[What you will do]: From the line that contains "Now the toy (355,426,414,484)." to the final line of the entries below, write out every line exactly as it appears, and nothing else.

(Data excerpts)
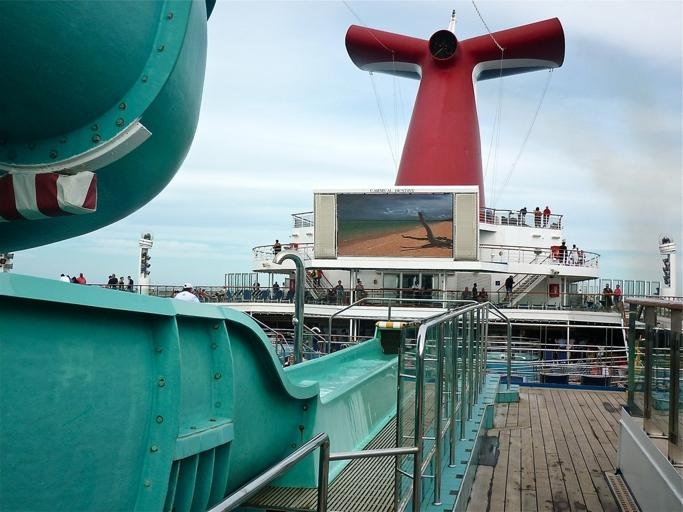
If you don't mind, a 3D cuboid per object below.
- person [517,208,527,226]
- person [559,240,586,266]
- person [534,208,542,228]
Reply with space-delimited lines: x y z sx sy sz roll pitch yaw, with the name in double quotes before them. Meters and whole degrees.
"person" 8.937 -1.990 31.694 0.430 0.934 1.694 8 1 15
"person" 10.230 0.026 28.630 1.149 0.822 0.586 3 -4 -41
"person" 9.932 -1.928 32.404 0.421 1.051 0.886 7 1 16
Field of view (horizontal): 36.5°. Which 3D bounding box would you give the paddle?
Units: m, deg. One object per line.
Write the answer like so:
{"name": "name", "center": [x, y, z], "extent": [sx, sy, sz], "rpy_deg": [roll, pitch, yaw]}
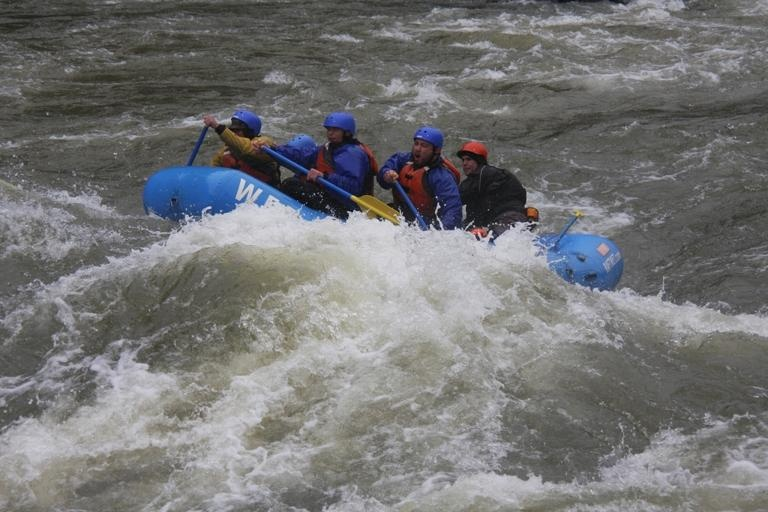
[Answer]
{"name": "paddle", "center": [-0.941, -1.159, 19.336], "extent": [3.298, 0.288, 0.334], "rpy_deg": [22, 9, 9]}

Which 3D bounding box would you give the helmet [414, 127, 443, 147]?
{"name": "helmet", "center": [0.762, -2.006, 19.625], "extent": [0.431, 0.368, 0.529], "rpy_deg": [1, 29, 8]}

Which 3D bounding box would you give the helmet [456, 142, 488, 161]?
{"name": "helmet", "center": [1.569, -1.881, 20.162], "extent": [0.609, 0.259, 0.390], "rpy_deg": [13, -11, 1]}

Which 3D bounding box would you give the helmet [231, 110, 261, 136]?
{"name": "helmet", "center": [-2.330, -2.310, 20.204], "extent": [0.605, 0.372, 0.399], "rpy_deg": [9, 3, -29]}

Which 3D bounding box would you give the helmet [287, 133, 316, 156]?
{"name": "helmet", "center": [-1.390, -1.922, 20.035], "extent": [0.459, 0.312, 0.461], "rpy_deg": [19, -2, -34]}

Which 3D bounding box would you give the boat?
{"name": "boat", "center": [-0.039, -0.496, 19.293], "extent": [6.568, 0.867, 2.791], "rpy_deg": [16, 8, -14]}
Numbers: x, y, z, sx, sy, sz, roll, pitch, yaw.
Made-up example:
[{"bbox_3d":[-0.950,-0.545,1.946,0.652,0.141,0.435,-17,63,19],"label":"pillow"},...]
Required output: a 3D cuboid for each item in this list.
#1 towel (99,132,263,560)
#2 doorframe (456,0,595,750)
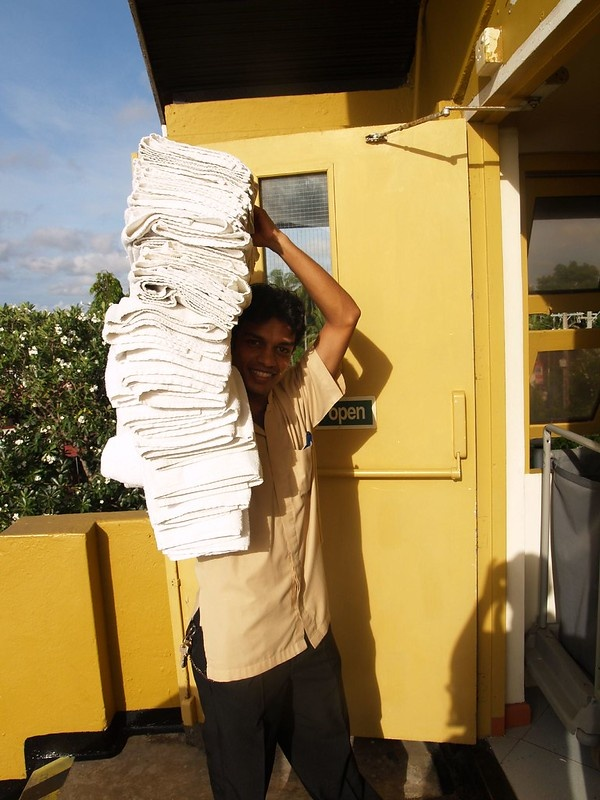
[{"bbox_3d":[-0.318,-0.159,1.912,0.432,1.170,0.249,-5,7,-2],"label":"towel"},{"bbox_3d":[0.809,0.102,2.669,0.387,2.587,0.859,-4,7,12],"label":"doorframe"}]
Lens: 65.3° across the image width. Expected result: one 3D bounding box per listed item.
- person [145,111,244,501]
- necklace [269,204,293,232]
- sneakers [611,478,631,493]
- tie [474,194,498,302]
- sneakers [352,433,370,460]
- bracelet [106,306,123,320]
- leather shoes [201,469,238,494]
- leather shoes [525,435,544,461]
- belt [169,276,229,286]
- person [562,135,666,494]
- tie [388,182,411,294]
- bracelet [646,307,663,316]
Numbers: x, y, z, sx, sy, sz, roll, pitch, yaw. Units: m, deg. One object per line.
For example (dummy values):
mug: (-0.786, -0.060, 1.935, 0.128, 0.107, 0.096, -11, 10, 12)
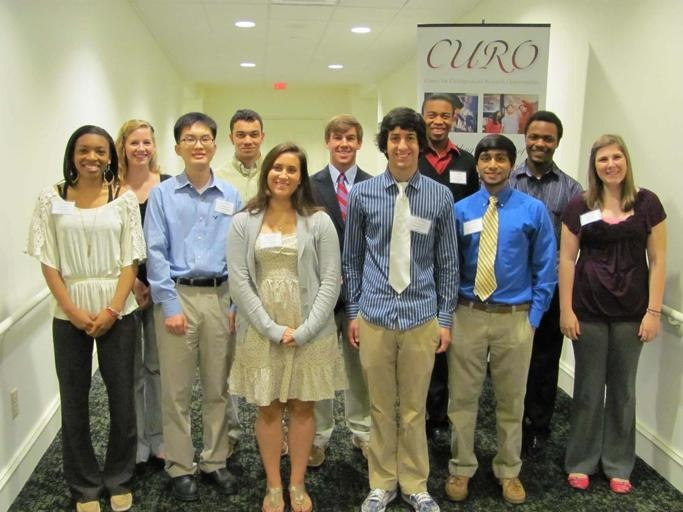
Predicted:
person: (-0.824, 0.299, 3.123, 0.614, 2.232, 0.597, -2, 4, -15)
necklace: (-0.332, -0.201, 2.976, 0.134, 0.140, 0.041, 1, -12, 1)
sneakers: (1.712, 1.409, 3.238, 0.153, 0.062, 0.073, 0, 12, -5)
tie: (0.843, -0.038, 3.063, 0.125, 0.591, 0.152, 4, 12, 14)
sneakers: (0.126, 1.291, 3.559, 0.068, 0.212, 0.088, -5, 43, 3)
bracelet: (-1.247, 0.315, 2.931, 0.026, 0.067, 0.058, -45, 6, -7)
leather shoes: (-0.743, 1.352, 3.226, 0.246, 0.104, 0.093, 4, 0, 42)
leather shoes: (1.297, 1.300, 3.576, 0.126, 0.132, 0.043, 11, -32, -4)
belt: (-0.813, 0.148, 3.077, 0.297, 0.064, 0.050, -2, 12, -13)
person: (1.606, 0.350, 3.242, 0.580, 2.132, 0.453, 5, 12, 22)
tie: (0.326, -0.100, 2.936, 0.113, 0.592, 0.160, 2, 11, 5)
bracelet: (1.850, 0.334, 3.155, 0.072, 0.075, 0.025, 12, 7, -31)
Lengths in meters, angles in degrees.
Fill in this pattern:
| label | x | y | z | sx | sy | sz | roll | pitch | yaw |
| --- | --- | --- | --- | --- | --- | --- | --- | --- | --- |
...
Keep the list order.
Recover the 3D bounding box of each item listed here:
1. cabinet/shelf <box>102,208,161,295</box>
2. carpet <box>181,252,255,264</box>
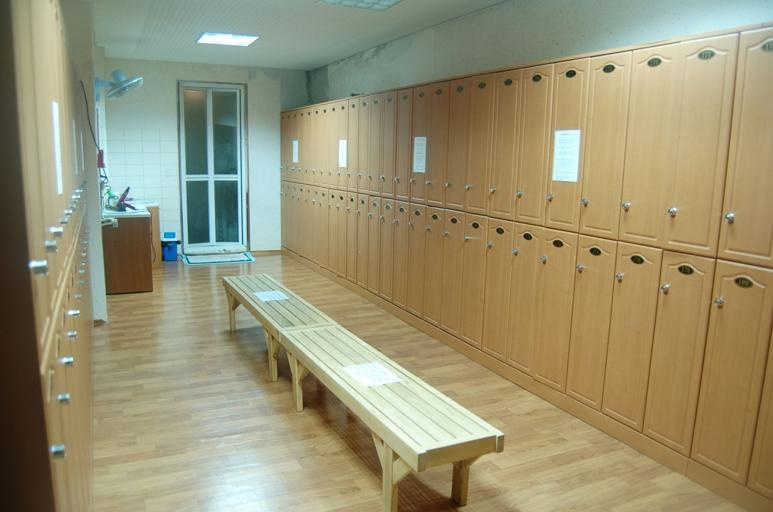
| label | x | y | z | sx | sy | sz | roll | pitch | yaw |
| --- | --- | --- | --- | --- | --- | --- | --- | --- | --- |
| cabinet/shelf | -3.482 | -0.040 | 7.223 | 0.618 | 1.119 | 0.282 | 2 | 13 | -29 |
| carpet | -2.950 | 0.037 | 9.467 | 1.193 | 0.128 | 0.919 | 3 | 11 | -23 |
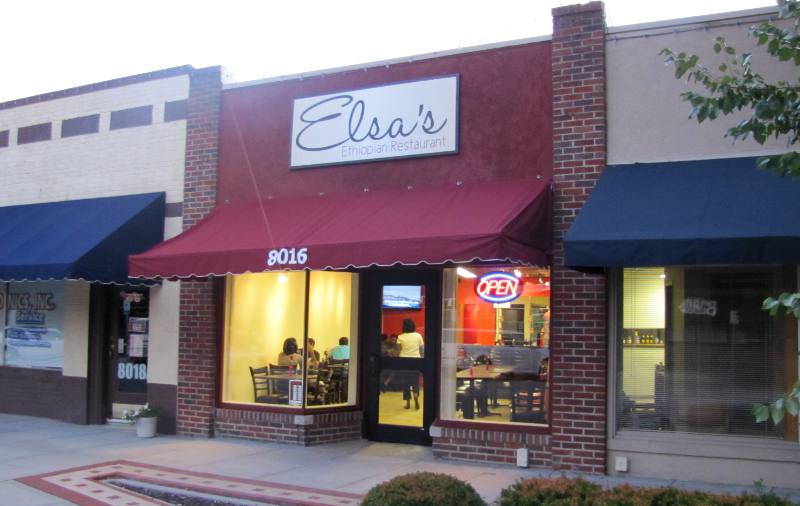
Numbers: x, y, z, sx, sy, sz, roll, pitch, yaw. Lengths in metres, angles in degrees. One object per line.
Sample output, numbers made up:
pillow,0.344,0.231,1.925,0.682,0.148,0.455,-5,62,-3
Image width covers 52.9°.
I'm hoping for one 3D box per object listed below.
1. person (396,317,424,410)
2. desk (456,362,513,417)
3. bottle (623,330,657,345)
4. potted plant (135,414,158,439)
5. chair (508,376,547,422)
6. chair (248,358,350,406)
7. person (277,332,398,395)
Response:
person,0.205,2.376,17.174,0.583,1.900,0.305,0,6,13
desk,1.744,2.825,16.664,1.115,1.018,1.085,-2,-6,13
bottle,4.561,1.595,15.211,0.693,0.309,0.054,1,6,13
potted plant,-5.629,3.909,17.944,0.483,0.342,0.450,1,-6,-5
chair,2.510,2.933,15.852,0.794,1.175,0.809,-3,-16,17
chair,-2.186,2.804,17.670,1.396,0.638,1.231,-2,-4,20
person,-1.320,2.486,17.483,2.498,1.401,0.406,-1,6,-1
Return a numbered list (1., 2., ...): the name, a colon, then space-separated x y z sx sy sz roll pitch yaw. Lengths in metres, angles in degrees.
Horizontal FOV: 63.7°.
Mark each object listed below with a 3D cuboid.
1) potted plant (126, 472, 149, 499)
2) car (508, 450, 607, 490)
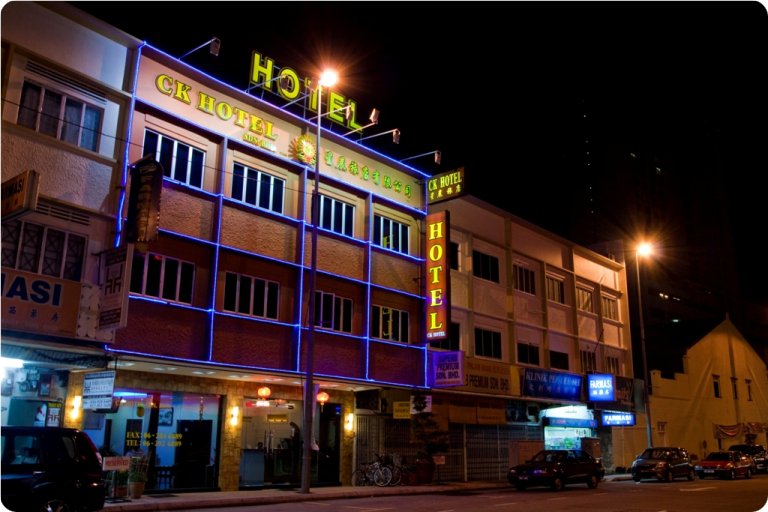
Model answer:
1. potted plant: -9.543 9.013 24.040 0.827 0.852 0.794 2 -20 -8
2. car: 8.977 11.089 32.085 4.757 2.003 1.629 12 -26 -28
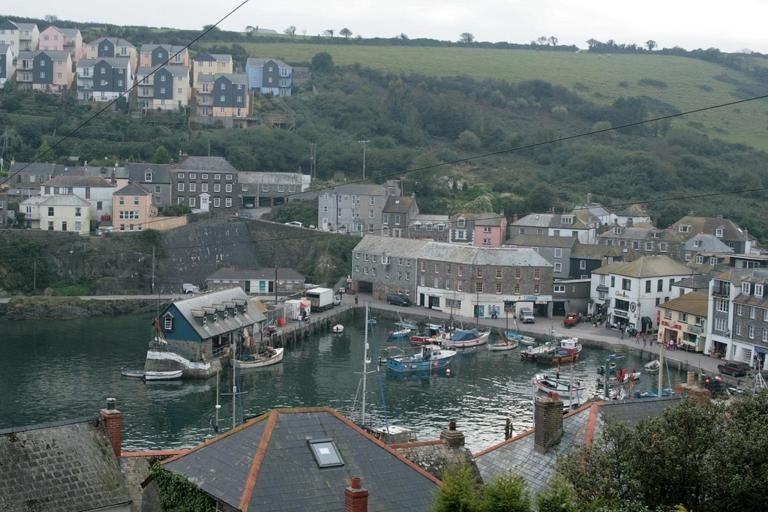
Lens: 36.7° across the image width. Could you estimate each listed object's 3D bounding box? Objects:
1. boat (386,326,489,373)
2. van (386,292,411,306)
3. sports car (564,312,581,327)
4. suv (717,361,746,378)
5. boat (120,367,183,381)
[{"bbox_3d":[5.479,9.915,121.174,14.956,4.819,6.630,0,-15,14],"label":"boat"},{"bbox_3d":[1.809,5.315,138.520,2.579,1.097,1.303,1,9,14],"label":"van"},{"bbox_3d":[21.124,7.185,130.141,1.120,0.960,1.922,12,20,36],"label":"sports car"},{"bbox_3d":[34.327,11.083,113.819,2.174,1.013,1.307,10,14,36],"label":"suv"},{"bbox_3d":[-22.895,11.841,115.411,5.773,1.077,1.135,2,10,-1],"label":"boat"}]
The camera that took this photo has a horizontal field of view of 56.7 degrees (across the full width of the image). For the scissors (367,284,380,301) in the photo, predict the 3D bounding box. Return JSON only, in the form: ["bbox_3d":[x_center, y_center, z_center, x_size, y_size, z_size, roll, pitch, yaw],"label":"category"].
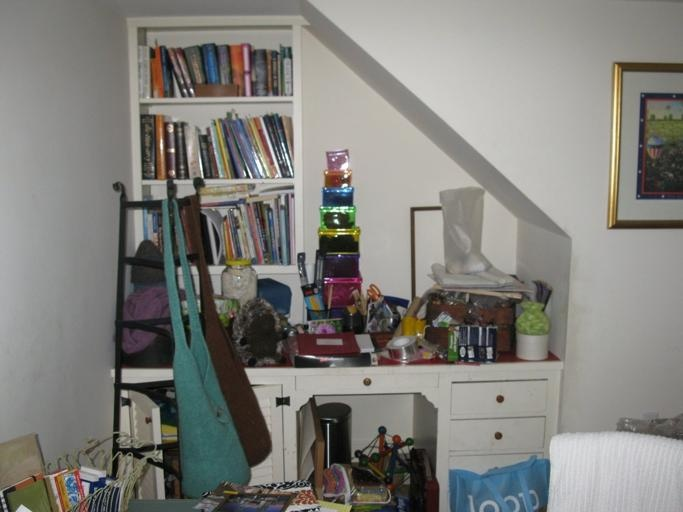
[{"bbox_3d":[0.164,0.190,3.267,0.054,0.104,0.054,-4,-25,8],"label":"scissors"}]

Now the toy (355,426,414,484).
[{"bbox_3d":[0.218,1.052,3.349,0.243,0.170,0.348,-5,-13,6],"label":"toy"}]

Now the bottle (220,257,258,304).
[{"bbox_3d":[-0.480,0.121,3.067,0.182,0.216,0.156,-3,3,-26],"label":"bottle"}]

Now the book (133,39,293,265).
[{"bbox_3d":[-0.632,-0.519,3.099,0.916,1.107,0.246,0,3,-5],"label":"book"}]

[Solution to this task]:
Now the toy (355,426,414,484).
[{"bbox_3d":[0.218,1.052,3.349,0.243,0.170,0.348,-5,-13,6],"label":"toy"}]

Now the bottle (220,257,258,304).
[{"bbox_3d":[-0.480,0.121,3.067,0.182,0.216,0.156,-3,3,-26],"label":"bottle"}]

Now the book (133,39,293,265).
[{"bbox_3d":[-0.632,-0.519,3.099,0.916,1.107,0.246,0,3,-5],"label":"book"}]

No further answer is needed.